◆ ABOUT THIS EXERCISE
May I please have every record restated word for word, with the images left out?

◆ PROVIDED RECORDS
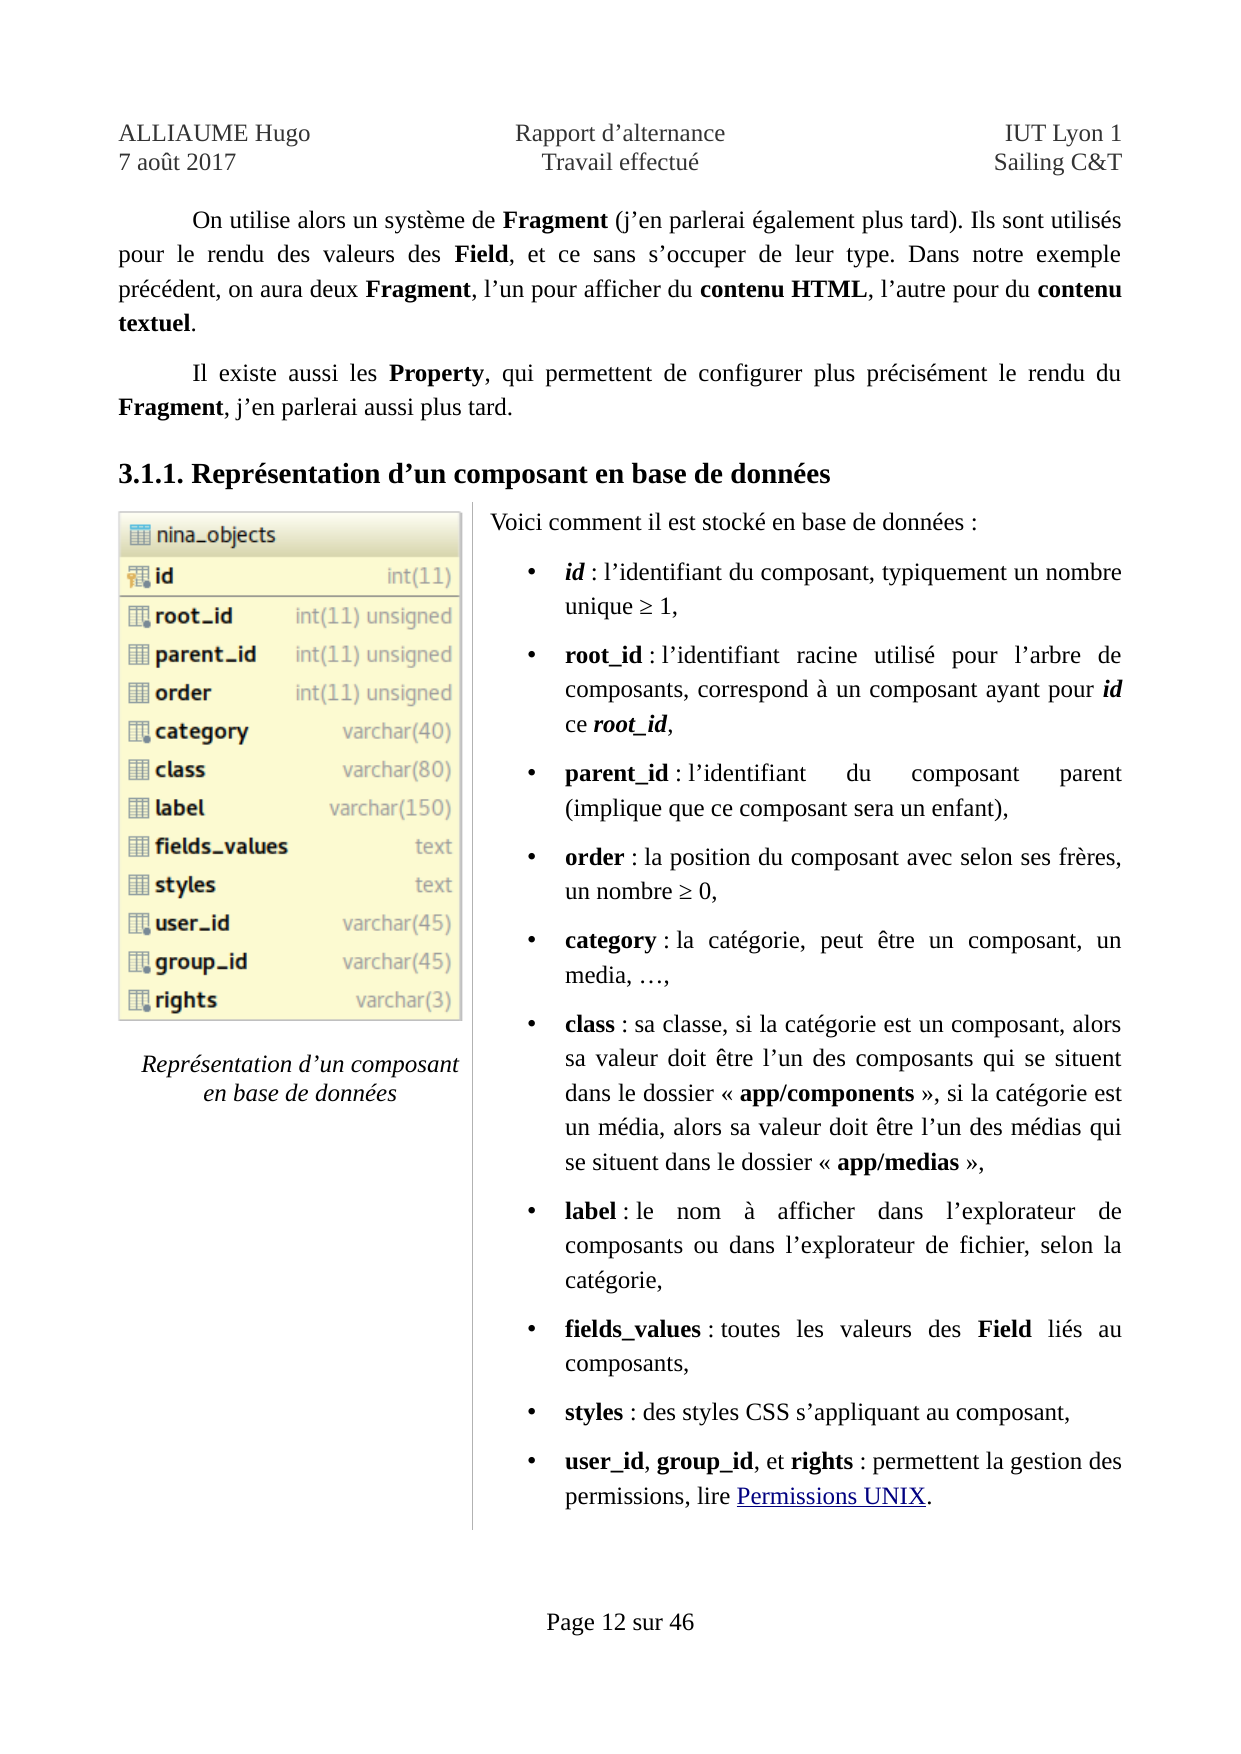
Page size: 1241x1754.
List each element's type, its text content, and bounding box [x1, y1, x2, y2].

subtitle 3.1.1. Représentation d’un composant en base de données [118, 456, 1122, 489]
table_header Représentation d’un composant en base de données [118, 502, 472, 1530]
text On utilise alors un système de Fragment (j’en parlerai également plus tard). Ils sont utilisés pour le rendu des valeurs des Field, et ce sans s’occuper de leur type. Dans notre exemple précédent, on aura deux Fragment, l’un pour afficher du contenu HTML, l’autre pour du contenu textuel. [118, 205, 1122, 337]
text Il existe aussi les Property, qui permettent de configurer plus précisément le rendu du Fragment, j’en parlerai aussi plus tard. [118, 358, 1122, 421]
table_header Voici comment il est stocké en base de données : id : l’identifiant du composant, typiquement un nombre unique ≥ 1, root_id : l’identifiant racine utilisé pour l’arbre de composants, correspond à un composant ayant pour id ce root_id, parent_id : l’identifiant du composant parent (implique que ce composant sera un enfant), order : la position du composant avec selon ses frères, un nombre ≥ 0, category : la catégorie, peut être un composant, un media, …, class : sa classe, si la catégorie est un composant, alors sa valeur doit être l’un des composants qui se situent dans le dossier « app/components », si la catégorie est un média, alors sa valeur doit être l’un des médias qui se situent dans le dossier « app/medias », label : le nom à afficher dans l’explorateur de composants ou dans l’explorateur de fichier, selon la catégorie, fields_values : toutes les valeurs des Field liés au composants, styles : des styles CSS s’appliquant au composant, user_id, group_id, et rights : permettent la gestion des permissions, lire Permissions UNIX. [473, 502, 1122, 1530]
picture [114, 510, 464, 1021]
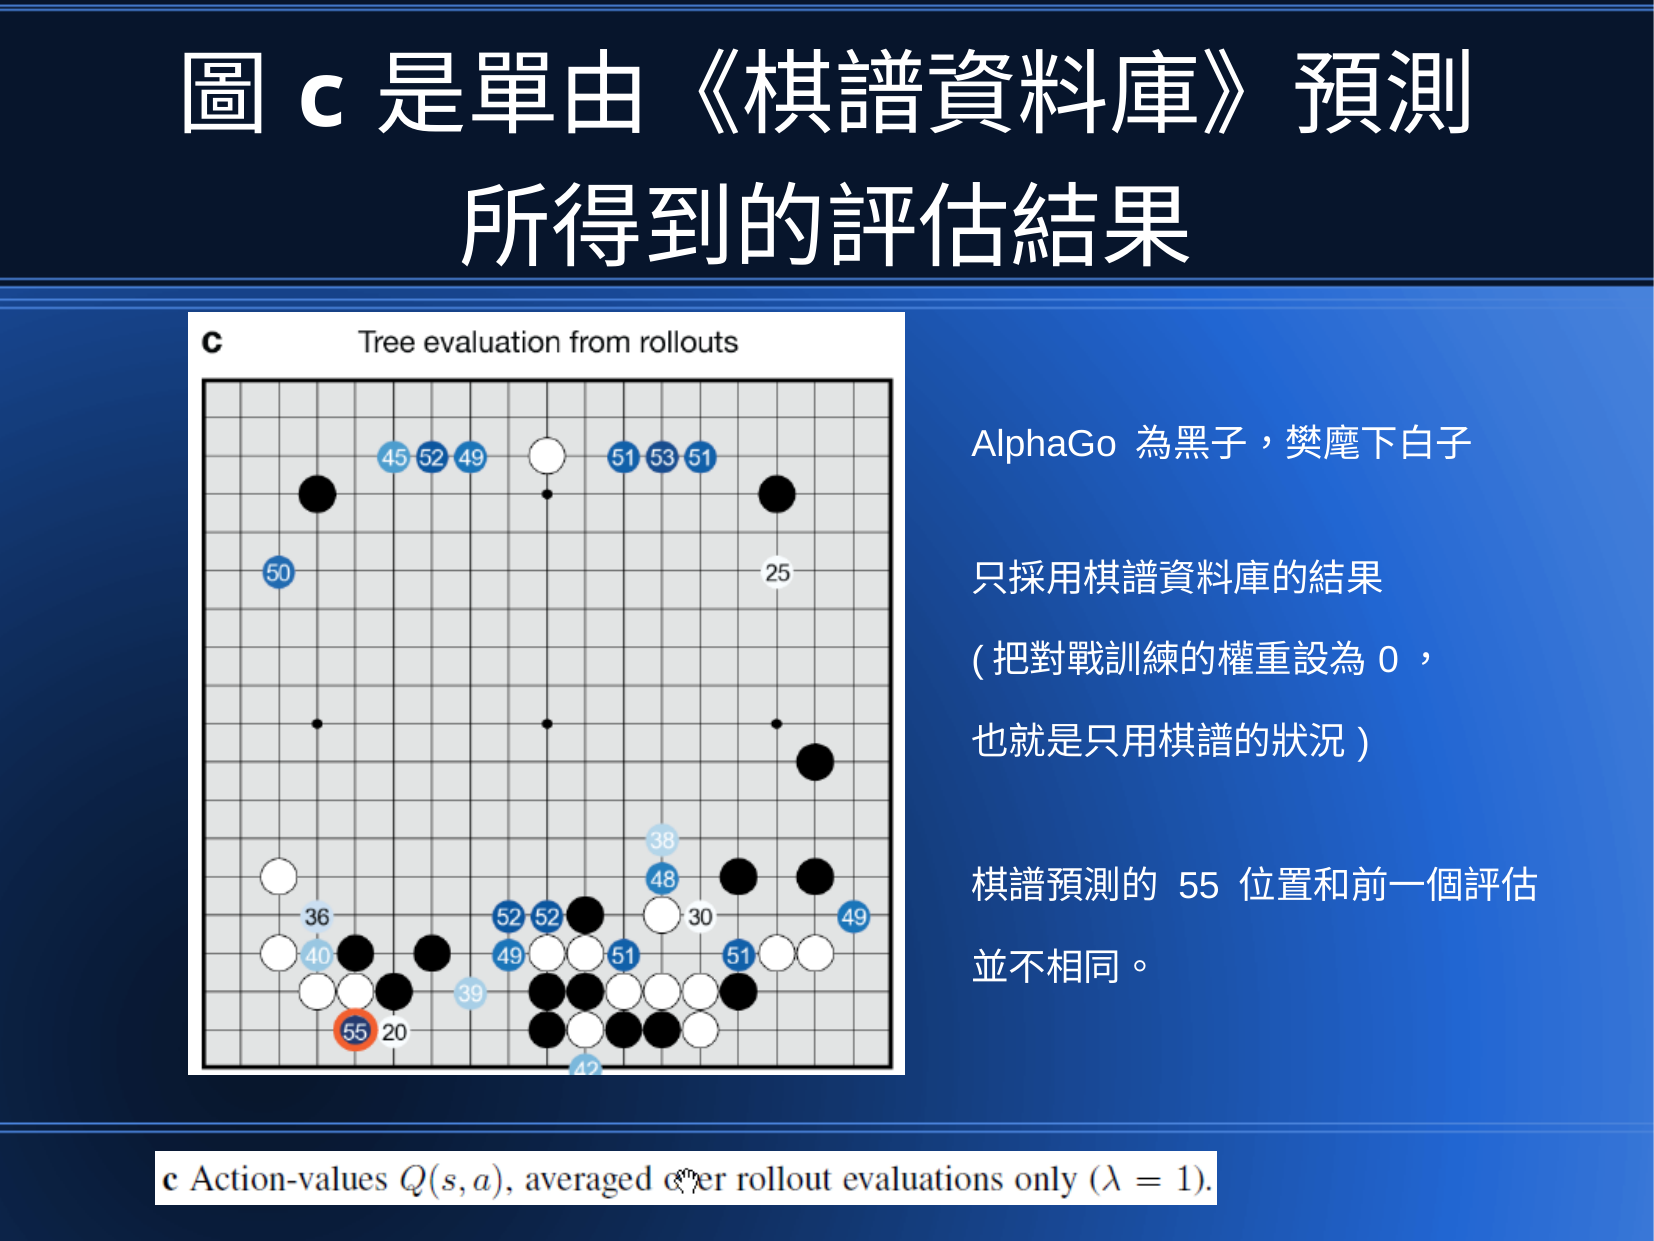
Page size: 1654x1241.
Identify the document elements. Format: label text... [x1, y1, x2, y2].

text_box AlphaGo 為黑子，樊麾下白子 只採用棋譜資料庫的結果 (把對戰訓練的權重設為0， 也就是只用棋譜的狀況) 棋譜預測的 55 位置和前一個評估 並不相同。 [956, 377, 1554, 903]
title 圖c是單由《棋譜資料庫》預測 所得到的評估結果 [82, 42, 1571, 264]
picture [0, 0, 1654, 1241]
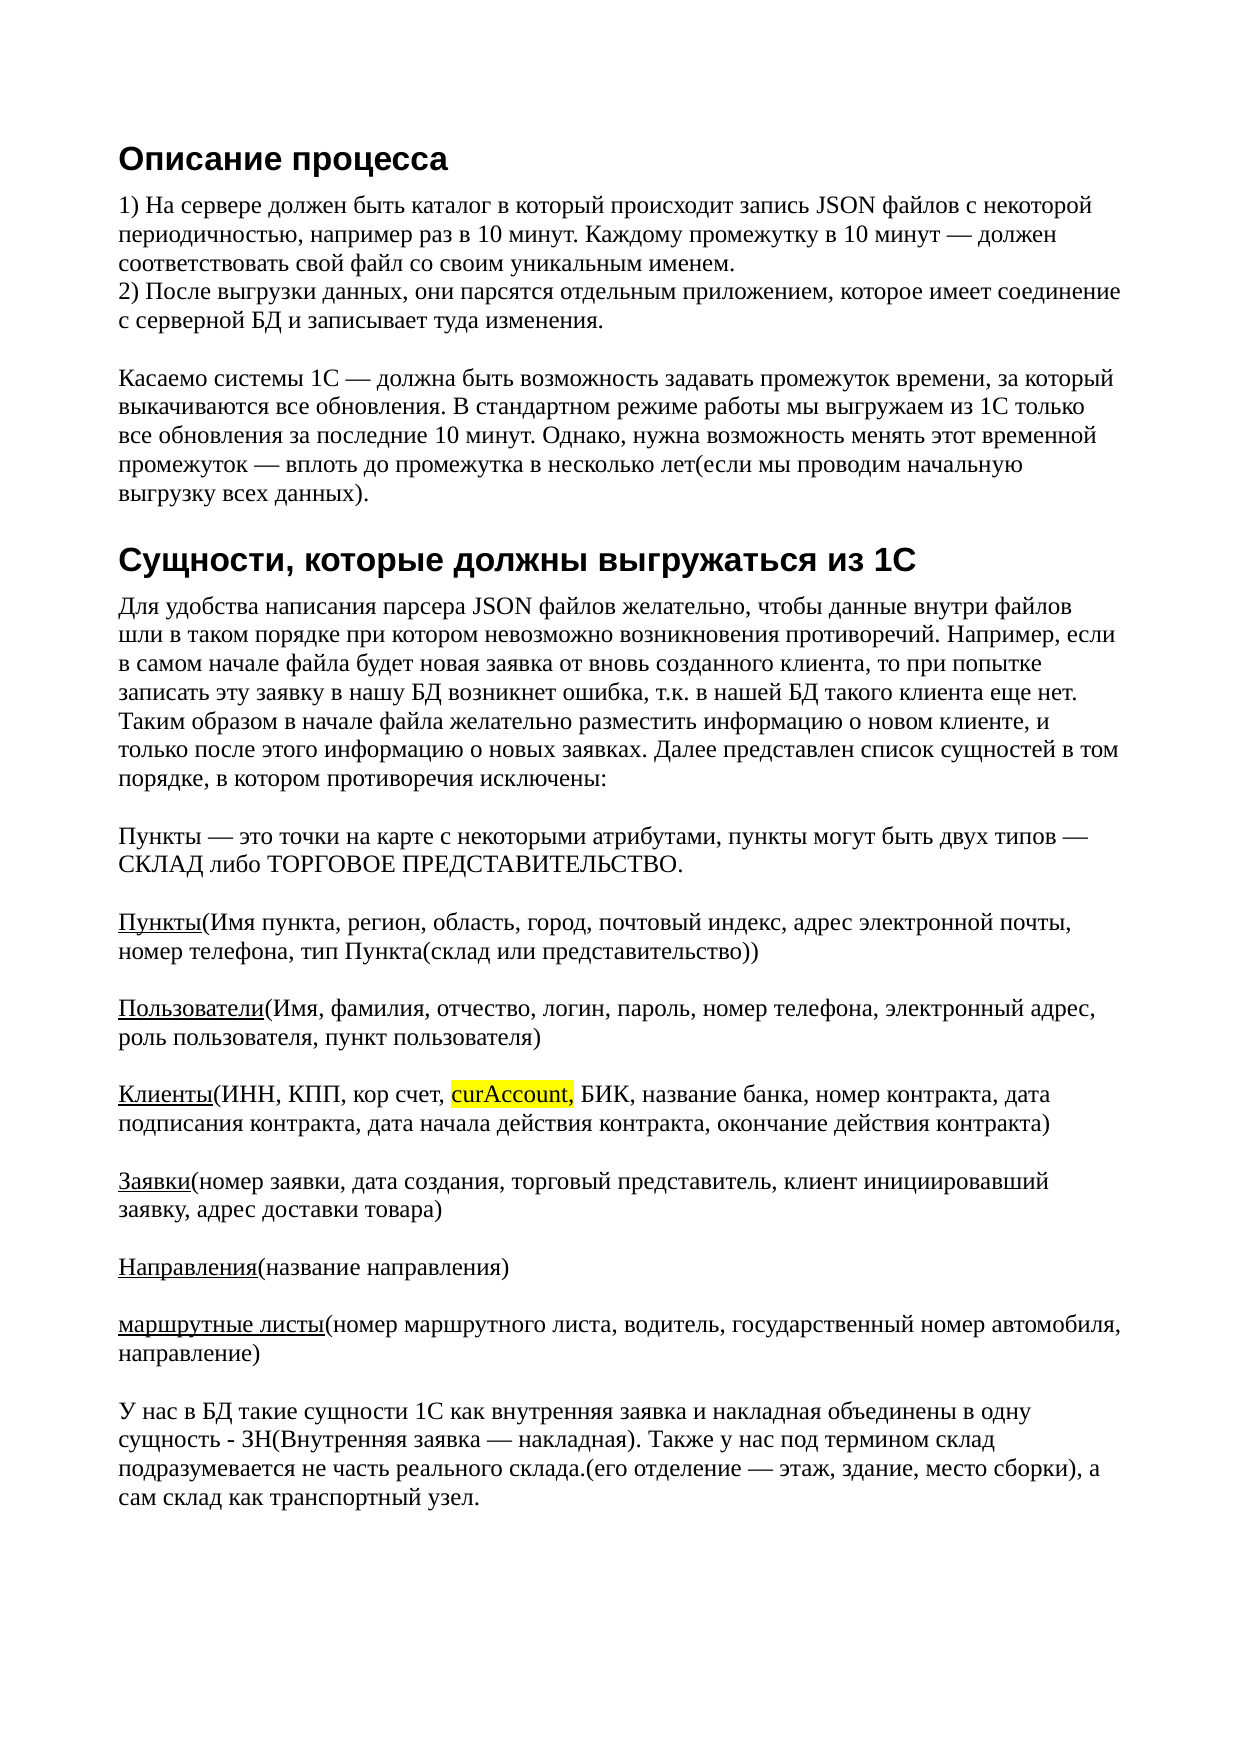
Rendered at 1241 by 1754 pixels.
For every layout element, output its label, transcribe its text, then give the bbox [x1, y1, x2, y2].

◆ RESPONSE TO THE EXERCISE
Page size: 1241x1754.
List each element's type, its text content, and bounding box [x1, y1, x2, y2].

subtitle 3.1.1. Représentation d’un composant en base de données [118, 456, 1122, 489]
table_header Représentation d’un composant en base de données [118, 502, 472, 1530]
text On utilise alors un système de Fragment (j’en parlerai également plus tard). Ils sont utilisés pour le rendu des valeurs des Field, et ce sans s’occuper de leur type. Dans notre exemple précédent, on aura deux Fragment, l’un pour afficher du contenu HTML, l’autre pour du contenu textuel. [118, 205, 1122, 337]
text Il existe aussi les Property, qui permettent de configurer plus précisément le rendu du Fragment, j’en parlerai aussi plus tard. [118, 358, 1122, 421]
table_header Voici comment il est stocké en base de données : id : l’identifiant du composant, typiquement un nombre unique ≥ 1, root_id : l’identifiant racine utilisé pour l’arbre de composants, correspond à un composant ayant pour id ce root_id, parent_id : l’identifiant du composant parent (implique que ce composant sera un enfant), order : la position du composant avec selon ses frères, un nombre ≥ 0, category : la catégorie, peut être un composant, un media, …, class : sa classe, si la catégorie est un composant, alors sa valeur doit être l’un des composants qui se situent dans le dossier « app/components », si la catégorie est un média, alors sa valeur doit être l’un des médias qui se situent dans le dossier « app/medias », label : le nom à afficher dans l’explorateur de composants ou dans l’explorateur de fichier, selon la catégorie, fields_values : toutes les valeurs des Field liés au composants, styles : des styles CSS s’appliquant au composant, user_id, group_id, et rights : permettent la gestion des permissions, lire Permissions UNIX. [473, 502, 1122, 1530]
picture [114, 510, 464, 1021]
Page size: 1654x1241.
Identify the document elements. Format: label text... [x1, y1, x2, y2].

text_box AlphaGo 為黑子，樊麾下白子 只採用棋譜資料庫的結果 (把對戰訓練的權重設為0， 也就是只用棋譜的狀況) 棋譜預測的 55 位置和前一個評估 並不相同。 [956, 377, 1554, 903]
title 圖c是單由《棋譜資料庫》預測 所得到的評估結果 [82, 42, 1571, 264]
picture [0, 0, 1654, 1241]
Rendered at 1241 by 1754 pixels.
For every layout element, output its label, transcribe its text, then give the bbox [x1, y1, x2, y2].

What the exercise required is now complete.